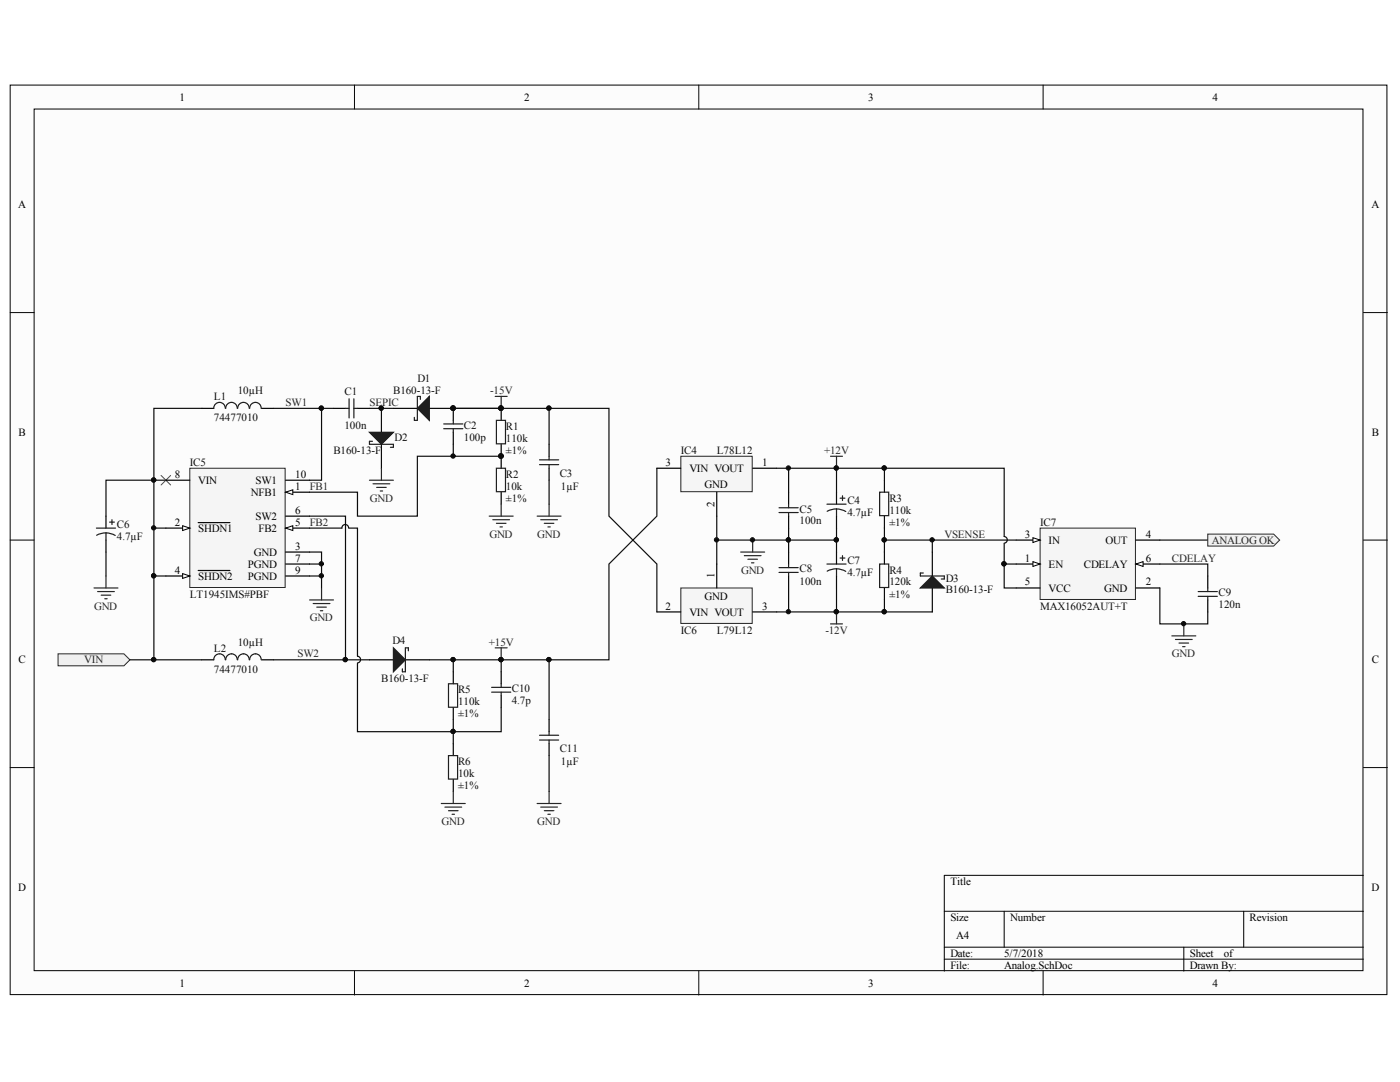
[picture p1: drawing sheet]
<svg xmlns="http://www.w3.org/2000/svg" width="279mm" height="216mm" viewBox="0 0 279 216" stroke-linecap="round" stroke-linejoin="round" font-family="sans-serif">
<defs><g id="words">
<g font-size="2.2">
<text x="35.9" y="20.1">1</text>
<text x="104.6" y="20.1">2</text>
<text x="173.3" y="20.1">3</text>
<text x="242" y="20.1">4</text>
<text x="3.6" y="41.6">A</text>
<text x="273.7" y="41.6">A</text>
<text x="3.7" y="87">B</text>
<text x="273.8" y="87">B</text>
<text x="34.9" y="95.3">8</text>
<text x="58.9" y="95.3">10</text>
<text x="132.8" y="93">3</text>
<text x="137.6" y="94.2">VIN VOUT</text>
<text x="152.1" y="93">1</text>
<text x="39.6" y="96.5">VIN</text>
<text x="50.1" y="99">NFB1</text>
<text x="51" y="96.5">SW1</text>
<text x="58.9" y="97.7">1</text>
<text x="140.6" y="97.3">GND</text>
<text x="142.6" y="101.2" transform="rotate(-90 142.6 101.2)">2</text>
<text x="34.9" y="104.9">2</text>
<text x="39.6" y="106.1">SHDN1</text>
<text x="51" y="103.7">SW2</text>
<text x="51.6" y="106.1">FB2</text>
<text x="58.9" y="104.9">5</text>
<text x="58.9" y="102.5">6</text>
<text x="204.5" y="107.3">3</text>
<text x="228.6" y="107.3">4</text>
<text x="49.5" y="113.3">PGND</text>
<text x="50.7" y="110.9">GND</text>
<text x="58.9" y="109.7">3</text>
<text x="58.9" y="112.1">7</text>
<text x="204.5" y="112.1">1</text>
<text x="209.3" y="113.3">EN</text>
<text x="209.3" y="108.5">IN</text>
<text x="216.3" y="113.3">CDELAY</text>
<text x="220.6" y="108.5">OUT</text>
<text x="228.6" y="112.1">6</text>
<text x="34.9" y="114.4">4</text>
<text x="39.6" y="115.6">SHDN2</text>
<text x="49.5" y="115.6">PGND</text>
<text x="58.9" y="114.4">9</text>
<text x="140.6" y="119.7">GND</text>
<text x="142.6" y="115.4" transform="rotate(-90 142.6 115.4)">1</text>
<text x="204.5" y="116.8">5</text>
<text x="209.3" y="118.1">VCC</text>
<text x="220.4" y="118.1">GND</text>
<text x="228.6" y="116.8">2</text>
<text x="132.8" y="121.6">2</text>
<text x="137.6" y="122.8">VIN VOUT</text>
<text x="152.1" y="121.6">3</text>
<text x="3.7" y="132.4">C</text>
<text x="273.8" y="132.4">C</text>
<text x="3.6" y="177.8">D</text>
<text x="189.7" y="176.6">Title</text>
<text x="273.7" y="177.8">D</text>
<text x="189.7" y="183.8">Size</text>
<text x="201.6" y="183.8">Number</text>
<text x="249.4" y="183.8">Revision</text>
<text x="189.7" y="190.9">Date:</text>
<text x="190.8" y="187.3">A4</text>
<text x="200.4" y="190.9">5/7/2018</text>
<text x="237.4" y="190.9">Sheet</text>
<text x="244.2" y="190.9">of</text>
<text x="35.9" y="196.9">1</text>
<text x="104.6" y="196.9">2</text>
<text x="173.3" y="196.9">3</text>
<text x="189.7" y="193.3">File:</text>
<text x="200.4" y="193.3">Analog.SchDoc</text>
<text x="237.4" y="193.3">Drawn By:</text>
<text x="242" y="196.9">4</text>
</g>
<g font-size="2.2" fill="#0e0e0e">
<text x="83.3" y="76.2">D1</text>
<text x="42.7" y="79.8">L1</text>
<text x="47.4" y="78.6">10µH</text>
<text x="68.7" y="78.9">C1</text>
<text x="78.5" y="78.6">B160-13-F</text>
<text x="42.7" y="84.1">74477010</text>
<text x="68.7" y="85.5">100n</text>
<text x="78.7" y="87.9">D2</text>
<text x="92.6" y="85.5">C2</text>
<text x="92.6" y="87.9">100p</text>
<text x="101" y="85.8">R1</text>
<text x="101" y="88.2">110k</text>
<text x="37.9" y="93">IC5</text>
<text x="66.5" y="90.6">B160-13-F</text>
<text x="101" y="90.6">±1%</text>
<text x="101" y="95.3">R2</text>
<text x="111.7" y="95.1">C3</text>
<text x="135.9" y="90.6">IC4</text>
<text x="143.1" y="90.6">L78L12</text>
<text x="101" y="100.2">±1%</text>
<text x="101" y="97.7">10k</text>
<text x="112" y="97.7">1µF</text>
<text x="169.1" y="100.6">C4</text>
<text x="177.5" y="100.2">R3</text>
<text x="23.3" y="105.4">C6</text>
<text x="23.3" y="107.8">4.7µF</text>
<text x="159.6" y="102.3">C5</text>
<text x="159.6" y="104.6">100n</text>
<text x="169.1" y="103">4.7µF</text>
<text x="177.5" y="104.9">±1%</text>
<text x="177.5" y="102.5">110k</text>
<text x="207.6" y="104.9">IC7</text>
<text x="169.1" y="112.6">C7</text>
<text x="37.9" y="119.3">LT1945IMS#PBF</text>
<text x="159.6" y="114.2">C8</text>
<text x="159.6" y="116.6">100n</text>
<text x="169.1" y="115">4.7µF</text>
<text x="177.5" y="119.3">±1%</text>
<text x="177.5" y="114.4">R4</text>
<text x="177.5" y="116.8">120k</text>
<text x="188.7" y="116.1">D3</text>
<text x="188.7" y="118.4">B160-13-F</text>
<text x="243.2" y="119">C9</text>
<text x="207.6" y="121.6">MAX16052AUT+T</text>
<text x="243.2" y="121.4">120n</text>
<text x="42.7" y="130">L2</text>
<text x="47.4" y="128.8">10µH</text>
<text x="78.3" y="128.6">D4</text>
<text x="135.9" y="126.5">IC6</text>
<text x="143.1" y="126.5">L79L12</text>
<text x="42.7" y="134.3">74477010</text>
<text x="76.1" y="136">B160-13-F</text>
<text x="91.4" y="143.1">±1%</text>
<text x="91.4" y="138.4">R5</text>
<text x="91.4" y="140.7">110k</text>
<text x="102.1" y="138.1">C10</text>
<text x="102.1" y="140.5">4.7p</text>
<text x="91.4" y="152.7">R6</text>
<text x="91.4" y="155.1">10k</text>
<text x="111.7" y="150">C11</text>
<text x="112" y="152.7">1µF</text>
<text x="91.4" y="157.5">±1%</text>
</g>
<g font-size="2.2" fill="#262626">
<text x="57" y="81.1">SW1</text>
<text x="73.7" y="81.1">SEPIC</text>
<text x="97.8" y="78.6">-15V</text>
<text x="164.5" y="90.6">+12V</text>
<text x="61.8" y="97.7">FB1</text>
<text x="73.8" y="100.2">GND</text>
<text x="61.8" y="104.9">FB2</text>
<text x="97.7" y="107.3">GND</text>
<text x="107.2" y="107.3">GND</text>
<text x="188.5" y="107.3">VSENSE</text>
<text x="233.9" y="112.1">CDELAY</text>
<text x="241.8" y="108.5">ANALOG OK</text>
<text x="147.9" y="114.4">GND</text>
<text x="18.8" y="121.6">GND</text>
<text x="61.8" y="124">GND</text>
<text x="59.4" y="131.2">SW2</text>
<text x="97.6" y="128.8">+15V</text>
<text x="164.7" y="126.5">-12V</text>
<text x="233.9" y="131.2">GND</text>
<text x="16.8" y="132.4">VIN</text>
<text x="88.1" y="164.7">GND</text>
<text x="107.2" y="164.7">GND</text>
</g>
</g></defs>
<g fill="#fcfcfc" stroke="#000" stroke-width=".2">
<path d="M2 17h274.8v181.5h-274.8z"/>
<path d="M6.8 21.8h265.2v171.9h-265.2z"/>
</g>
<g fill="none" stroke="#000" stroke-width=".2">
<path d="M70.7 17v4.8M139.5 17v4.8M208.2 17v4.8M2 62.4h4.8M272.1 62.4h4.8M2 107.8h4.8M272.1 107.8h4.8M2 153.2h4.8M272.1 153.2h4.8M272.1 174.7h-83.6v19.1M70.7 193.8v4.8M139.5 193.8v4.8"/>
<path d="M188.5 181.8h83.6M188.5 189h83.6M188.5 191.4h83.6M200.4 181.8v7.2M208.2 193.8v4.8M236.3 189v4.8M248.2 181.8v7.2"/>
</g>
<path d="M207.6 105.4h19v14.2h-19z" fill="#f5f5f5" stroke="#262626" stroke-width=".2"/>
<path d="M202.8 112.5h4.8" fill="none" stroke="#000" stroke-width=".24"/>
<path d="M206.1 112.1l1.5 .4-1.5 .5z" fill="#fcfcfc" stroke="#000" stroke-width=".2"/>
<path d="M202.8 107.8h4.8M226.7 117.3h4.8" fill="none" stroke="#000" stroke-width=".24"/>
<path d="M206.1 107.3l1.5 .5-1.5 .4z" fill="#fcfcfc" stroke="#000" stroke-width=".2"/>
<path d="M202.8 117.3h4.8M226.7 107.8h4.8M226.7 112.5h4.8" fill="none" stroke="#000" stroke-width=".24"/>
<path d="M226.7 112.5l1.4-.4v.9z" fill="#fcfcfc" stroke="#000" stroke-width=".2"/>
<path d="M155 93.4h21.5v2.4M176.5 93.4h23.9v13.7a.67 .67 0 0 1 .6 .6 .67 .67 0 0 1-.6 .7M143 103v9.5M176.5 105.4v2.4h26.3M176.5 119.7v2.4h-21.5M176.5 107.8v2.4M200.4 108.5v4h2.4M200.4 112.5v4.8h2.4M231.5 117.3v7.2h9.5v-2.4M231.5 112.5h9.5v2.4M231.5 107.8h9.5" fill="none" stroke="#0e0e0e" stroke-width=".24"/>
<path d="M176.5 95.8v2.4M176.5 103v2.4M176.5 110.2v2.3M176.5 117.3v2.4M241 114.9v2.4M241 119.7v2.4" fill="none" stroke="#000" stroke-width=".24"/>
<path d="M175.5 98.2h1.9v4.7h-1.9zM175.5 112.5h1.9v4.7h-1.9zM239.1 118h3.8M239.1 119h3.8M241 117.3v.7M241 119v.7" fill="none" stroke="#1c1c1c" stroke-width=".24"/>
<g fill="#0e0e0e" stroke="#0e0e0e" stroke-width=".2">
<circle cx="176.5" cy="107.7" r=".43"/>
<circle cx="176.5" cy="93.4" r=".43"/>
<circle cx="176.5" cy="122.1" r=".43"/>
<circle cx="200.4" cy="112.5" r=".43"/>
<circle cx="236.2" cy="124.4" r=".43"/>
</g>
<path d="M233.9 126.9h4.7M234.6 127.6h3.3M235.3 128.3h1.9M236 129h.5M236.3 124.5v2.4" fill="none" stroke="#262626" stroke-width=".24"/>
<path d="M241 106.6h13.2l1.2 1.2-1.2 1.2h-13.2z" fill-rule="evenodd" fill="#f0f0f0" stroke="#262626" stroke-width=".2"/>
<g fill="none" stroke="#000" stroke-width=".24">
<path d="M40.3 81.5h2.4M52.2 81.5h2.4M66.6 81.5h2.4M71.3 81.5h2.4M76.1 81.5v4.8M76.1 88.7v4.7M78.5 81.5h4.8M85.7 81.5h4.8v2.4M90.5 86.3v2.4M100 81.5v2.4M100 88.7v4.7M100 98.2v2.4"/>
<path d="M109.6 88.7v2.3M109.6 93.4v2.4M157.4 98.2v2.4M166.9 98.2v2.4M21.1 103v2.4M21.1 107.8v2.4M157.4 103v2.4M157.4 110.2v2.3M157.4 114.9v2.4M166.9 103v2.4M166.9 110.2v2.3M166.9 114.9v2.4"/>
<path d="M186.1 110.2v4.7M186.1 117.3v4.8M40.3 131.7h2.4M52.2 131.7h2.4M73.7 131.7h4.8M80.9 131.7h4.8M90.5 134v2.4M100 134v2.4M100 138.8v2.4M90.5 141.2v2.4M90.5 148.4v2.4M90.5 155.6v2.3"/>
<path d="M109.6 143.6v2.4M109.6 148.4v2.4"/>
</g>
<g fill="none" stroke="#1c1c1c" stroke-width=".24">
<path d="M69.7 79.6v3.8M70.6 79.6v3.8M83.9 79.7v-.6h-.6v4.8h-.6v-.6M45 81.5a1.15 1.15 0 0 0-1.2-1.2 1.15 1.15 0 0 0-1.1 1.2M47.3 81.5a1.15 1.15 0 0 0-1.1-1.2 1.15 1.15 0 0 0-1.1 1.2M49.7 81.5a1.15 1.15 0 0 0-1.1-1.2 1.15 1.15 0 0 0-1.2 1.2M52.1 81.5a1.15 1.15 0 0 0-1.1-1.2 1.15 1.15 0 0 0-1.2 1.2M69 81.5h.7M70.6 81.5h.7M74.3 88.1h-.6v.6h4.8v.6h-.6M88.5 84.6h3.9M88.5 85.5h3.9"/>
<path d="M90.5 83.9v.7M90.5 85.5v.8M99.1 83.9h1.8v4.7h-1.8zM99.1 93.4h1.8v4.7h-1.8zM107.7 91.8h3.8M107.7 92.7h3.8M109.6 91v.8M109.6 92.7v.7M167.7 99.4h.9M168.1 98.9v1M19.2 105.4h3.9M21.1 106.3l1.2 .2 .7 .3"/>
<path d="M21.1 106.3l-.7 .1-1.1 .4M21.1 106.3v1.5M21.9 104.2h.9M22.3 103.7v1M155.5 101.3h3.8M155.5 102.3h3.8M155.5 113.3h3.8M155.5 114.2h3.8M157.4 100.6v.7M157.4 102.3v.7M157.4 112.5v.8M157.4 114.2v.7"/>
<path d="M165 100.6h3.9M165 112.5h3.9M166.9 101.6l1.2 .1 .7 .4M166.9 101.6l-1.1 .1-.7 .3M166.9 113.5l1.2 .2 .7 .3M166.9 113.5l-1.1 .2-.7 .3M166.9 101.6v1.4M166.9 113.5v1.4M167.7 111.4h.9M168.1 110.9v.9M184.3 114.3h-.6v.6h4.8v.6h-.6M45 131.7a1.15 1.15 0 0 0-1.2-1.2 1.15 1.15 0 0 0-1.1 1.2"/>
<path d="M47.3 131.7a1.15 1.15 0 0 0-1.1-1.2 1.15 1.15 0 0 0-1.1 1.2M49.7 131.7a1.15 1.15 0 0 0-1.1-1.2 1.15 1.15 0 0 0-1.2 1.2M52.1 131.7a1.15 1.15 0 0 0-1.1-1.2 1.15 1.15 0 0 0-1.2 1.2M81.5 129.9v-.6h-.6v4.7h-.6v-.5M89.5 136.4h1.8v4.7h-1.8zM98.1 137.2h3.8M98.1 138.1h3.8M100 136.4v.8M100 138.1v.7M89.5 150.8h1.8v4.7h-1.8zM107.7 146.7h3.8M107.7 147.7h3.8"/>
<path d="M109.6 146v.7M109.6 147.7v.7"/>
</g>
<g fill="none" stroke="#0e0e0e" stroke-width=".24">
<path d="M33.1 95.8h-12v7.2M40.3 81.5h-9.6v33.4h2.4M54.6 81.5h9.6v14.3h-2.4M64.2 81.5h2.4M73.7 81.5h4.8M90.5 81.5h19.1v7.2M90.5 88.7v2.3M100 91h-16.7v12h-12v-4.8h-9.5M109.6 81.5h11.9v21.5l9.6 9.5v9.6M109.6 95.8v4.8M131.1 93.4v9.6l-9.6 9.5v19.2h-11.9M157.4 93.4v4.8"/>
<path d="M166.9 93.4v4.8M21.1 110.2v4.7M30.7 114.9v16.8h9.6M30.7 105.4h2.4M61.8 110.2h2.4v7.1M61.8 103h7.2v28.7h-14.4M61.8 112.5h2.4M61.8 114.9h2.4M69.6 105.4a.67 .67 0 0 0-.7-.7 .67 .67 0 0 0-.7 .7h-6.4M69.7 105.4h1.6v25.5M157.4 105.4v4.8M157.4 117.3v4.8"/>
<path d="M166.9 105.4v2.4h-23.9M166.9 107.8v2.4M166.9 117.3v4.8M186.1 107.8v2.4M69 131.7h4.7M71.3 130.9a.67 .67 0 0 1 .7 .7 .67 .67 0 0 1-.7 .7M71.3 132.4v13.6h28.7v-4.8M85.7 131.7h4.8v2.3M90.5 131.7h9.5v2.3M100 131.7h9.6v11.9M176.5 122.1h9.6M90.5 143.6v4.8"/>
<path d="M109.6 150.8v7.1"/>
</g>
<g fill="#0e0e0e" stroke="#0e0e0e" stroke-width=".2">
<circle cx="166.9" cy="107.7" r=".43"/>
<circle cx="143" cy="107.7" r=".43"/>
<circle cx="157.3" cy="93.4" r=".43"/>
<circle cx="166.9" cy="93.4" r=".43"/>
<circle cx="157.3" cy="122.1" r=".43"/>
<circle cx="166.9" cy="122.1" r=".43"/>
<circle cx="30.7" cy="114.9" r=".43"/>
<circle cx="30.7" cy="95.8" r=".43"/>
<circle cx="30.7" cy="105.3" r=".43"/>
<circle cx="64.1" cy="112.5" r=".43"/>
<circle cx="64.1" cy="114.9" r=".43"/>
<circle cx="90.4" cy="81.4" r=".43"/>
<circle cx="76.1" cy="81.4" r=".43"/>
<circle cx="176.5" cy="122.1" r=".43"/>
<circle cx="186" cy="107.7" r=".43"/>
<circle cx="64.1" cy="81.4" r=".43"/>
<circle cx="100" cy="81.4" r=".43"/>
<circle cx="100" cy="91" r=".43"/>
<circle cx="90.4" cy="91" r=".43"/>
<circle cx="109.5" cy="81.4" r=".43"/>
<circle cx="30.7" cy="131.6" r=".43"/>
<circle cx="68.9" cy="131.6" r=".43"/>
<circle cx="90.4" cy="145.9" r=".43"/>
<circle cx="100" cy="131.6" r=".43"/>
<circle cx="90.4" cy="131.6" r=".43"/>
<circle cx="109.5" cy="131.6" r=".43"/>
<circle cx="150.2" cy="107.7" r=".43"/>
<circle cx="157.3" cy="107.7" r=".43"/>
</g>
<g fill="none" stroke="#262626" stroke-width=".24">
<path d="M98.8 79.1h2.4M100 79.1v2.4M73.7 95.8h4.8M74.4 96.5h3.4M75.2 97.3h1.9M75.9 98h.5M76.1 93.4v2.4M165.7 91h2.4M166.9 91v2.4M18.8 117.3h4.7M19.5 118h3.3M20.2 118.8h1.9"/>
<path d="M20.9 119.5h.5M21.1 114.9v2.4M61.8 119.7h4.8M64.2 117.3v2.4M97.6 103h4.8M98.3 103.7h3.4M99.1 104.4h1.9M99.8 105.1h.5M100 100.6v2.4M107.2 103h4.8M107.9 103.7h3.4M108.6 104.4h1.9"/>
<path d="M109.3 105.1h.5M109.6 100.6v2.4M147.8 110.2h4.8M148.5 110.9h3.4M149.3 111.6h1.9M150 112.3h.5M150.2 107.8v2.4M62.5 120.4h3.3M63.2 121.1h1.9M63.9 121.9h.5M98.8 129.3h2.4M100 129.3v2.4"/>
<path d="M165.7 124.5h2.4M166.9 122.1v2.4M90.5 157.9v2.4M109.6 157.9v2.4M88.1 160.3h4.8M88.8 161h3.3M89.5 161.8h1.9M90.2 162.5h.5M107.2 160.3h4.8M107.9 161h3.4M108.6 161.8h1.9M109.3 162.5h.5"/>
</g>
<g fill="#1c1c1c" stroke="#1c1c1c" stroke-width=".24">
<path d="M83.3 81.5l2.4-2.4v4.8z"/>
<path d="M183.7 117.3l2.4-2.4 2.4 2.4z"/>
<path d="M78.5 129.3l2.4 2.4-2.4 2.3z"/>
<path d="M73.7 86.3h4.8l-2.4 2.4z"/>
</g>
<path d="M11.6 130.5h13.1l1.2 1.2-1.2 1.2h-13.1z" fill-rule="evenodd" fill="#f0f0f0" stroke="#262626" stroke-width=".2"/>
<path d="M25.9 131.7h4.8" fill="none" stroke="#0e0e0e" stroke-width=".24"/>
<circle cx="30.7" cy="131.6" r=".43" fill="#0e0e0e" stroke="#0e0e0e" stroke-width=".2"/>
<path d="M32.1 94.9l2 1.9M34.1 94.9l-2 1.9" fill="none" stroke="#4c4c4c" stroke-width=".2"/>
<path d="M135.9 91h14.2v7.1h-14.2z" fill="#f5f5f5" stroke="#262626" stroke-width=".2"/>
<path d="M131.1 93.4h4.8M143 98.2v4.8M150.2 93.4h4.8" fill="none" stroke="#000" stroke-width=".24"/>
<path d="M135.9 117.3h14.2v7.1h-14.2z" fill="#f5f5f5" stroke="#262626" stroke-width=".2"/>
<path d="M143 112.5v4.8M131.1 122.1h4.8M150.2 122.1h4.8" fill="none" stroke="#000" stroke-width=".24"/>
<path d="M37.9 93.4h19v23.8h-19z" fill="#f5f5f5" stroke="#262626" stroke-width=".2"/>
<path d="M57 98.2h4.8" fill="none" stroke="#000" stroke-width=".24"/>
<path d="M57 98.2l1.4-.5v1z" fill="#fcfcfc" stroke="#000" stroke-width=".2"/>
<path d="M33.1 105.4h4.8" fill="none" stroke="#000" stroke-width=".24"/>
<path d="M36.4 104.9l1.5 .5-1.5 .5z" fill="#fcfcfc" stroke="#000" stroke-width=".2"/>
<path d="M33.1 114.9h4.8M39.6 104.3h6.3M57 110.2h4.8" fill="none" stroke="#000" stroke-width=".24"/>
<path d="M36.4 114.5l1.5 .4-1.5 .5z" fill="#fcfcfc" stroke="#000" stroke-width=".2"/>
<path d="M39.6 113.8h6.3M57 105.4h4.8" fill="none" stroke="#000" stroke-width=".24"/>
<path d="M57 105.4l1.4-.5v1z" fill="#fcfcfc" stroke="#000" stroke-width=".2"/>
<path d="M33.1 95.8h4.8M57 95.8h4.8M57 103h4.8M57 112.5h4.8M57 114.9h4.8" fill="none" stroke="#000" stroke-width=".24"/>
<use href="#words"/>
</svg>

------------------------------------------------------------

#### WHAT YOU HAVE TO DO
Where does the word "evenodd" appear in the records above? Return every line that holds it.

#### RESPONSE TO THIS EXERCISE
<path d="M241 106.6h13.2l1.2 1.2-1.2 1.2h-13.2z" fill-rule="evenodd" fill="#f0f0f0" stroke="#262626" stroke-width=".2"/>
<path d="M11.6 130.5h13.1l1.2 1.2-1.2 1.2h-13.1z" fill-rule="evenodd" fill="#f0f0f0" stroke="#262626" stroke-width=".2"/>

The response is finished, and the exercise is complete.